Его записи несистематичны. Он вообще не обладал систематическим умом, часто менял темы раздумий, хотя при этом, как мне кажется, все время думал о чем-то одном. Оставлю на несколько минут читателя один на один с «лабораторией-лабиринтом» его мысли.
«Итальянский Ренессанс — Возрождение — возродил не только существовавшее и сохранившееся в обломках и руинах, но и существовавшее и утраченное, то есть по законам реализма не существовавшее, — то, что нельзя ни увидеть, ни ощутить, ни наглядно постигнуть; но и этого мало: он возродил и то, что существовало лишь в замыслах, в возможностях. Бенуа пишет об античной живописи, что наши суждения о ней — фантастические, потому что она почти не сохранилась. Эта живопись ожила в полотнах Ренессанса. Она существовала и не сохранилась и опять стала существовать.
Но и этого мало: Возрождение возродило и то, что могло быть. То есть оно возродило и фантастически бывшее, и утраченное (как античная живопись), и фантастически небывшее. И в этом высший смысл Возрождения…»
«Но все же от живописи античного мира что-то сохранилось, например чудом уцелевшие фрески разрушенных Везувием городов, Помпей и Геркуланума. Ирреальные пейзажи (то есть нереальные, будто бы увиденные во сне) и странно невесомые фигуры, изображенные на их фоне, внушают мне удивительную мысль. Эти города не могли не погибнуть! Между извержением Везувия и утонченной, утончившейся до последней степени культурой существуют какие-то загадочные отношения.
Мне кажется, что это — красота конца. Она же ощутима и в картинах Ватто и Сомова…»
«Мысль — художественная, философская — тот самый Гераклитов огонь, который временами затухает, временами возгорается; самое увлекательное — исследовать пути этого огня, его судьбу, когда он, казалось, потух до последней искры и оживает, потому что никогда не потухал окончательно. Пути его неисповедимы, но при всех неожиданностях он где-то непременно вспыхнет, он вспыхнет с какой-то первозданной силой, будто бы лишь сейчас зажжен, хотя это тот же старый-старый потухающе-возгорающийся огонь.

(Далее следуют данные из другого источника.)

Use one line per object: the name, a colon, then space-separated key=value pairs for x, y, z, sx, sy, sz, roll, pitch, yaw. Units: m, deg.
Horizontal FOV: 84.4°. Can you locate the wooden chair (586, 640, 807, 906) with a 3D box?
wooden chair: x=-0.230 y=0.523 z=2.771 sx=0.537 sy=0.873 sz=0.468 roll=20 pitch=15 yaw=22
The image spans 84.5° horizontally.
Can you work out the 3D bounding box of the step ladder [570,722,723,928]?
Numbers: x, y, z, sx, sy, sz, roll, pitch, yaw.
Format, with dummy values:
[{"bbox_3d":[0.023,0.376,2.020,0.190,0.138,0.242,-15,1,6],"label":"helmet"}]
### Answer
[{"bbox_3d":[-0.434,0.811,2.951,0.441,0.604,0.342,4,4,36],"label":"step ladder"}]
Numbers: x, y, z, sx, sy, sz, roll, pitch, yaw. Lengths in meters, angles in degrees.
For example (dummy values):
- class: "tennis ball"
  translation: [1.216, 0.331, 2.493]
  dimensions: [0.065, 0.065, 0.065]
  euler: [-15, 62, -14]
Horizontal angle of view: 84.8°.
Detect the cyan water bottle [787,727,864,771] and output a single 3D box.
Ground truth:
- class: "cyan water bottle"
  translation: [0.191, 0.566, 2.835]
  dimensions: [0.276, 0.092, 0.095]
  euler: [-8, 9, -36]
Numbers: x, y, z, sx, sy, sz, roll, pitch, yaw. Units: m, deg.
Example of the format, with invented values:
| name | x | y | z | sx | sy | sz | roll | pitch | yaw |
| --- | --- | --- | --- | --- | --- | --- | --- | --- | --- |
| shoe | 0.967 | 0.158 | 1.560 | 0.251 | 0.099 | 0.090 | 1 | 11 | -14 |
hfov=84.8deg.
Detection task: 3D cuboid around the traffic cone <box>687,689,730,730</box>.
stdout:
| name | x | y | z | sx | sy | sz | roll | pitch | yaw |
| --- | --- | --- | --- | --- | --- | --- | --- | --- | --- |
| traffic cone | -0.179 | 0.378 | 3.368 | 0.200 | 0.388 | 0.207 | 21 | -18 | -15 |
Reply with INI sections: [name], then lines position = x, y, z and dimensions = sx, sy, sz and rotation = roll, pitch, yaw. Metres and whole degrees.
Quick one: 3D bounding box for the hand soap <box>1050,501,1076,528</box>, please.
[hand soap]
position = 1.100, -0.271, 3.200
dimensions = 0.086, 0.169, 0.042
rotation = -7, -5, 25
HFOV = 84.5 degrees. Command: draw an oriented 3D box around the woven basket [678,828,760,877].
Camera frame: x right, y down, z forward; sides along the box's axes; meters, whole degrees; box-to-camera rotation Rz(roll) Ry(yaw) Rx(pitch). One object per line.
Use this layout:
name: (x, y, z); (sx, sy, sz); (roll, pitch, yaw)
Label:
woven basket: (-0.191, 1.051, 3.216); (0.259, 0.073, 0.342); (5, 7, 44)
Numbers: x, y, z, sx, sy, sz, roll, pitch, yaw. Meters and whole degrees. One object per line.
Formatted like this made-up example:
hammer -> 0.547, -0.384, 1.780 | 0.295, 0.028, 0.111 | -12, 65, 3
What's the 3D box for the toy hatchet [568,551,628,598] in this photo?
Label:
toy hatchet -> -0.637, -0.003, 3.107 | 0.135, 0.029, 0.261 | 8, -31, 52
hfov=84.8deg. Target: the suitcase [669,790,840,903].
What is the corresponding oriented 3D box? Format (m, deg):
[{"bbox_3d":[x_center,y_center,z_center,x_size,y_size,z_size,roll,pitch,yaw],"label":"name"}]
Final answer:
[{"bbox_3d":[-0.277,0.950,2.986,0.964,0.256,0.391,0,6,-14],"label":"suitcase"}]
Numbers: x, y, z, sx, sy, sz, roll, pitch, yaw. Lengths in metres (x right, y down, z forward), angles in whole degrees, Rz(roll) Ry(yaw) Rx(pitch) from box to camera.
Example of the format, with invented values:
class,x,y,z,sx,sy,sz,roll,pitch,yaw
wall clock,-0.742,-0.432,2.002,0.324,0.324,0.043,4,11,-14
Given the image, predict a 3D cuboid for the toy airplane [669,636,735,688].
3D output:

Платон, воскрешенный Флоренцией. Фрески Помпей и Геркуланума, воскресшие в полотнах художников Ренессанса, а потом — импрессионистов. Нежность и страсть Сафо в стихах Марины Цветаевой…»
«В том, что Леонардо (как и Микеланджело) оставлял часто работы незаконченными, есть какое-то величие, для них действительно развитие человеческой силы было самоцелью…»
«Все разрушенное, сожженное, погибнувшее — со-страивается, восстает из пепла, возрождается в созданиях творческой эпохи, наследующей силы „эпох упадка и разрушения“. Поэтому в высшем смысле ничего не утрачено».